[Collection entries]
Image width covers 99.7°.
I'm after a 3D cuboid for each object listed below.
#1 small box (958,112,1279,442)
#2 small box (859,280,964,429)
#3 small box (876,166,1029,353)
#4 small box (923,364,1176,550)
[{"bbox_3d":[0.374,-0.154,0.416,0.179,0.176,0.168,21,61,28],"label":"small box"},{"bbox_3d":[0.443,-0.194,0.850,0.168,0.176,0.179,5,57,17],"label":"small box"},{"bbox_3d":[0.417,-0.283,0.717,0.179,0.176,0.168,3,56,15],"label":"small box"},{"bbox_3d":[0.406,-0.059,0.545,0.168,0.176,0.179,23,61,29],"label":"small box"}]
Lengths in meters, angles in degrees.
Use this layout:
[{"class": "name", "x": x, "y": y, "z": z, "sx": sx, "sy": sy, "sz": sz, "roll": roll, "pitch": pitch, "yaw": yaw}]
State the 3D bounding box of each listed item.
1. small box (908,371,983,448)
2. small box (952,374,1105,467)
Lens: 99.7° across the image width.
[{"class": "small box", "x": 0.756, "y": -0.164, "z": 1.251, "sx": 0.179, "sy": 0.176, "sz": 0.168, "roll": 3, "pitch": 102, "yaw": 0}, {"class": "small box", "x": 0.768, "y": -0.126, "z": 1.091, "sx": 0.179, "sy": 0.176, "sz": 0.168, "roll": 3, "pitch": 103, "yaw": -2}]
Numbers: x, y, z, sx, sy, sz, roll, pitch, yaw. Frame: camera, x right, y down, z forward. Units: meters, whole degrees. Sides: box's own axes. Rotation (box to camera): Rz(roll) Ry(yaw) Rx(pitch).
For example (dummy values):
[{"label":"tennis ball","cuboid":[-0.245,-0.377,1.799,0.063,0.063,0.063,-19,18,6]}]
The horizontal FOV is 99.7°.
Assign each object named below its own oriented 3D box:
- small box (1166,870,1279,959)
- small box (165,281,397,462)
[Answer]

WORK INSTRUCTIONS. Proceeding from the line containing "#1 small box (958,112,1279,442)" through the line containing "2. small box (952,374,1105,467)", transcribe the lines above exactly, both end lines included.

RESULT BELOW.
#1 small box (958,112,1279,442)
#2 small box (859,280,964,429)
#3 small box (876,166,1029,353)
#4 small box (923,364,1176,550)
[{"bbox_3d":[0.374,-0.154,0.416,0.179,0.176,0.168,21,61,28],"label":"small box"},{"bbox_3d":[0.443,-0.194,0.850,0.168,0.176,0.179,5,57,17],"label":"small box"},{"bbox_3d":[0.417,-0.283,0.717,0.179,0.176,0.168,3,56,15],"label":"small box"},{"bbox_3d":[0.406,-0.059,0.545,0.168,0.176,0.179,23,61,29],"label":"small box"}]
Lengths in meters, angles in degrees.
Use this layout:
[{"class": "name", "x": x, "y": y, "z": z, "sx": sx, "sy": sy, "sz": sz, "roll": roll, "pitch": pitch, "yaw": yaw}]
State the 3D bounding box of each listed item.
1. small box (908,371,983,448)
2. small box (952,374,1105,467)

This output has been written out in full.